= Beginning of Section =

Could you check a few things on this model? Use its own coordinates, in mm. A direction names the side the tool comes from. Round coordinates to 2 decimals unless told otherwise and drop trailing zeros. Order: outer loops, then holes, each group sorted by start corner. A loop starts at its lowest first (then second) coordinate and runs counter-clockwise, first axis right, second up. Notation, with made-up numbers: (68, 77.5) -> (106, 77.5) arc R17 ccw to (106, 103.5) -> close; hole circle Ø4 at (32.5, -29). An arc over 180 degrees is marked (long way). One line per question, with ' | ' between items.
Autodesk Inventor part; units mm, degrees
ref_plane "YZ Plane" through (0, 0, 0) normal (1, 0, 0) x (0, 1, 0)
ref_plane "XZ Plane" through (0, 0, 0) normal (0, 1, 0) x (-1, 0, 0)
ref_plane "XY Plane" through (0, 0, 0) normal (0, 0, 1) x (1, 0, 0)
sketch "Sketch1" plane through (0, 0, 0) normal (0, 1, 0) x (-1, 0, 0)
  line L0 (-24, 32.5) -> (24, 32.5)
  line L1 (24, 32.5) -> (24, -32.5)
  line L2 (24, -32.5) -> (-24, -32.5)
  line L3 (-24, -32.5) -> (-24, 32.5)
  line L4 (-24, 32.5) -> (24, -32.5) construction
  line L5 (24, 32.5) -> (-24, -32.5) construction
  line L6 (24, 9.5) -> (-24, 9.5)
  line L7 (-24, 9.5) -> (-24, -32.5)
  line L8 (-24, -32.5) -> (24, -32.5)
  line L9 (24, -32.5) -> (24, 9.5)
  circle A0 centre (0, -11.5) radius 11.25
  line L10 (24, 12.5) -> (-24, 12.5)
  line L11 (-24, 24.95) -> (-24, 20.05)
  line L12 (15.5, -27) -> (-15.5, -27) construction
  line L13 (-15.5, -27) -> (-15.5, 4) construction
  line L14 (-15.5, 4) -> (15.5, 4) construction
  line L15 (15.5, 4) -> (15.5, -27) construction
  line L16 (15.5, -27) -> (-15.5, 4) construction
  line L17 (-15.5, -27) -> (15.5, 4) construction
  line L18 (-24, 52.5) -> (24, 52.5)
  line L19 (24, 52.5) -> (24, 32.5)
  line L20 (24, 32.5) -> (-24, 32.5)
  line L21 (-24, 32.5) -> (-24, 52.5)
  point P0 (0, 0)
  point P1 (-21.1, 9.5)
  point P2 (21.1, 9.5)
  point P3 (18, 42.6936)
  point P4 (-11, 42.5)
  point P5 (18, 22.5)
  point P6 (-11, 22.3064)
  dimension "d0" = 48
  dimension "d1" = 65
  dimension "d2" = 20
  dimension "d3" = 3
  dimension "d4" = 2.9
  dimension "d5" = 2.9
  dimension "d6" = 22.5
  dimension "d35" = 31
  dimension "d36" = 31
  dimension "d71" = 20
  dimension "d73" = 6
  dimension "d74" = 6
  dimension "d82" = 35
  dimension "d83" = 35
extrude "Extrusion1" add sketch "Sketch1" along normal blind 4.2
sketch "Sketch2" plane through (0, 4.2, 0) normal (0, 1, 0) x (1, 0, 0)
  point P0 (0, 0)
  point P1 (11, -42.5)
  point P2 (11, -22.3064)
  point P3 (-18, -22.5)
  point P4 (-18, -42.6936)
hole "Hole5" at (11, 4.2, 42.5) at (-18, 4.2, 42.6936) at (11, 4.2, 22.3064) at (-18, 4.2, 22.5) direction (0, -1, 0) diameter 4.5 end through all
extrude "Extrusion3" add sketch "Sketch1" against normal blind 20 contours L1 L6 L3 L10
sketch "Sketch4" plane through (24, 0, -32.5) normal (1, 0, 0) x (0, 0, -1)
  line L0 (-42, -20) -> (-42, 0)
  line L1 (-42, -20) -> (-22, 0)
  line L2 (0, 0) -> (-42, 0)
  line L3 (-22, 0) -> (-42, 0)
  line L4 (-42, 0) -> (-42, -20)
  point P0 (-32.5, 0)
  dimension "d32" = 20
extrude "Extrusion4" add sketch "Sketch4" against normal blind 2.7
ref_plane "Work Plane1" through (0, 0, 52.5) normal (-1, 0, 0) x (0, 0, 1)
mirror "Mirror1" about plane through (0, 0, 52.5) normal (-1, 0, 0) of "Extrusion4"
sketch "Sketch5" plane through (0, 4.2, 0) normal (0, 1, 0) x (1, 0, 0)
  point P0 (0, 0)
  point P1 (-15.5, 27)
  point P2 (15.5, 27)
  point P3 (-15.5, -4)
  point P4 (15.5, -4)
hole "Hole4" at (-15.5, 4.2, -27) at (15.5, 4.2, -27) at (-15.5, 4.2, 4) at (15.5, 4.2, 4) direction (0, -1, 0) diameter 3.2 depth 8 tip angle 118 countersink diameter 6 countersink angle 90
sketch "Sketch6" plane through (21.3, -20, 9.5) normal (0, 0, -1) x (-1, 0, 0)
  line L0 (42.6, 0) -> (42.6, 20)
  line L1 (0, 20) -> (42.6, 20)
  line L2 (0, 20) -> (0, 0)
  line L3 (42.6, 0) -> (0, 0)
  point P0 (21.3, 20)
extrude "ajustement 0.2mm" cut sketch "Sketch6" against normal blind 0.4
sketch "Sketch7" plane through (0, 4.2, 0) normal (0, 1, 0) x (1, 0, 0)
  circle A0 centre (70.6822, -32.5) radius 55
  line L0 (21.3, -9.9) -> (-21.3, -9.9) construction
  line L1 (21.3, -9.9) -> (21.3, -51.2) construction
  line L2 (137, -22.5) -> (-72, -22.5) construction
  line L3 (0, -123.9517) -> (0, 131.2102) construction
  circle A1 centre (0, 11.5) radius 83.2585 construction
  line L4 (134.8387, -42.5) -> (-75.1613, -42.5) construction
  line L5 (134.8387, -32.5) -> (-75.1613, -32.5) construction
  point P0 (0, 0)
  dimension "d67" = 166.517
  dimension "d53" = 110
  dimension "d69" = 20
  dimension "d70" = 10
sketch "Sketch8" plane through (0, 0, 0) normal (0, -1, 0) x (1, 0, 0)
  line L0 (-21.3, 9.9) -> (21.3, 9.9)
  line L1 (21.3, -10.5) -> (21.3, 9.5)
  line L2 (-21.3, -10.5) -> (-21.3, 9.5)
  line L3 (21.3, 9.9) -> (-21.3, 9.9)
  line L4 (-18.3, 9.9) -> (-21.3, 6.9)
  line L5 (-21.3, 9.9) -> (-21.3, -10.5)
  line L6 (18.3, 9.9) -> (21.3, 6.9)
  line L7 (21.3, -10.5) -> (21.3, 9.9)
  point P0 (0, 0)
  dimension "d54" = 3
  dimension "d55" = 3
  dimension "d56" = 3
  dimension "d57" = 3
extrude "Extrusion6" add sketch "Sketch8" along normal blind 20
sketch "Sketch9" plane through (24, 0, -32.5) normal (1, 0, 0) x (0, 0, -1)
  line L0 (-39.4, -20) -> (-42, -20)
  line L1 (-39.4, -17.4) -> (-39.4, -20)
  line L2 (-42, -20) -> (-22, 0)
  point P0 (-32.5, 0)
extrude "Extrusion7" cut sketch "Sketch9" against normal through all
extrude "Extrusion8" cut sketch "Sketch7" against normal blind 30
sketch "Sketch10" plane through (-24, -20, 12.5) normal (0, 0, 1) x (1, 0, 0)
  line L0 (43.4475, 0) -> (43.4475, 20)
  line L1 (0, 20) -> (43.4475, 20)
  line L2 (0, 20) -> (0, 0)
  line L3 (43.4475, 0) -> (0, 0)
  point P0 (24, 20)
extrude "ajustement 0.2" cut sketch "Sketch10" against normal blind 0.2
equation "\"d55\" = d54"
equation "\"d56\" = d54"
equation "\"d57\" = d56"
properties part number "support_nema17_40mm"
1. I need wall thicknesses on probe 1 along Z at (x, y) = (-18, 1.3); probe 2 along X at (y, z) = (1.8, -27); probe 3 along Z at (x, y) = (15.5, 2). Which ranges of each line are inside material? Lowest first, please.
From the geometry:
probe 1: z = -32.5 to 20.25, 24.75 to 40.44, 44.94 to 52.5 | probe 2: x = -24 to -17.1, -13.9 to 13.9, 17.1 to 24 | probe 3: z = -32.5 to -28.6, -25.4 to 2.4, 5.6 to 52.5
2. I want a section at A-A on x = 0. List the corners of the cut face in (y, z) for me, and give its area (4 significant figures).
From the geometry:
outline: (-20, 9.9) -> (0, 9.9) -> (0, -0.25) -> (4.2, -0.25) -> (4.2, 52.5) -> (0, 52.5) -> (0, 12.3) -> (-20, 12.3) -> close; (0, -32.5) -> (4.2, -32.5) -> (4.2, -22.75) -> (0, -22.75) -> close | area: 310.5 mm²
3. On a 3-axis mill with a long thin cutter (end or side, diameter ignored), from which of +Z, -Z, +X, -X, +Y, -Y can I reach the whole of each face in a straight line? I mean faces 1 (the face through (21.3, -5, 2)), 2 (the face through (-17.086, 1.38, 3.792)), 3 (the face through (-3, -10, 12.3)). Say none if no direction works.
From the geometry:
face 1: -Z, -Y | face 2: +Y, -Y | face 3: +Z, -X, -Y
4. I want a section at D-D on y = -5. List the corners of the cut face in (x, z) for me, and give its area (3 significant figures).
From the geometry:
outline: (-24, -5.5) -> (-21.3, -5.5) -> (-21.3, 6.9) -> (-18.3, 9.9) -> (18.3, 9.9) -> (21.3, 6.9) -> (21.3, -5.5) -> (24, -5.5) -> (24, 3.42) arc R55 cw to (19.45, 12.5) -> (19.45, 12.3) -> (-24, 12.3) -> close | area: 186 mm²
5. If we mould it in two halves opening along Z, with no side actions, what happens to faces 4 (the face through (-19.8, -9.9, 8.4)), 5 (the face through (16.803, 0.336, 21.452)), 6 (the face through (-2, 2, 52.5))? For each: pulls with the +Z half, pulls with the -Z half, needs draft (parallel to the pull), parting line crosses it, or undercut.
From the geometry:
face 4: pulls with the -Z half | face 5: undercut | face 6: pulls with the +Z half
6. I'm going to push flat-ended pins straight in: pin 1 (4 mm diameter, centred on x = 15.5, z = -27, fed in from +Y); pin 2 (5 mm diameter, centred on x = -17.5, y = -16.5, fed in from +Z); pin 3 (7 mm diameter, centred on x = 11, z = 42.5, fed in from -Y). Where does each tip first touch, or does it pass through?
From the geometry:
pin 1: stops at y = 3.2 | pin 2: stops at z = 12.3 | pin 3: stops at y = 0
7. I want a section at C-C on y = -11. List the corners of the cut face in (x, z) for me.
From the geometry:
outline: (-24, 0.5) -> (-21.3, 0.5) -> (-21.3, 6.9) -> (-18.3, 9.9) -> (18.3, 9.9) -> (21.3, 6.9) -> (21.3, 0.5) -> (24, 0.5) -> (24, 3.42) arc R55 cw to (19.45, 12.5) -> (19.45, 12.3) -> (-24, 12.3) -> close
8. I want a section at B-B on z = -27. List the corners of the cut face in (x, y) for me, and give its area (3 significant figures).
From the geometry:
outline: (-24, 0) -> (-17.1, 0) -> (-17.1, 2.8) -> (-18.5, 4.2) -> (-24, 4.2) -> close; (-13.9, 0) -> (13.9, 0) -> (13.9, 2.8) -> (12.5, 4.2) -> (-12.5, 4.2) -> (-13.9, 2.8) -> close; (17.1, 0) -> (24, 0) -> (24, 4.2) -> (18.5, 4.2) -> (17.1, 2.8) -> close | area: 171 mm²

= End of Section =

* _YOUR INSTRUCTIONS_: All lines from the top of the data through the line containing "circle A0 centre (0, -11.5) radius 11.25" need to be retyped exactly, and nothing more.

* _SOLUTION TO THIS PROBLEM_:
Could you check a few things on this model? Use its own coordinates, in mm. A direction names the side the tool comes from. Round coordinates to 2 decimals unless told otherwise and drop trailing zeros. Order: outer loops, then holes, each group sorted by start corner. A loop starts at its lowest first (then second) coordinate and runs counter-clockwise, first axis right, second up. Notation, with made-up numbers: (68, 77.5) -> (106, 77.5) arc R17 ccw to (106, 103.5) -> close; hole circle Ø4 at (32.5, -29). An arc over 180 degrees is marked (long way). One line per question, with ' | ' between items.
Autodesk Inventor part; units mm, degrees
ref_plane "YZ Plane" through (0, 0, 0) normal (1, 0, 0) x (0, 1, 0)
ref_plane "XZ Plane" through (0, 0, 0) normal (0, 1, 0) x (-1, 0, 0)
ref_plane "XY Plane" through (0, 0, 0) normal (0, 0, 1) x (1, 0, 0)
sketch "Sketch1" plane through (0, 0, 0) normal (0, 1, 0) x (-1, 0, 0)
  line L0 (-24, 32.5) -> (24, 32.5)
  line L1 (24, 32.5) -> (24, -32.5)
  line L2 (24, -32.5) -> (-24, -32.5)
  line L3 (-24, -32.5) -> (-24, 32.5)
  line L4 (-24, 32.5) -> (24, -32.5) construction
  line L5 (24, 32.5) -> (-24, -32.5) construction
  line L6 (24, 9.5) -> (-24, 9.5)
  line L7 (-24, 9.5) -> (-24, -32.5)
  line L8 (-24, -32.5) -> (24, -32.5)
  line L9 (24, -32.5) -> (24, 9.5)
  circle A0 centre (0, -11.5) radius 11.25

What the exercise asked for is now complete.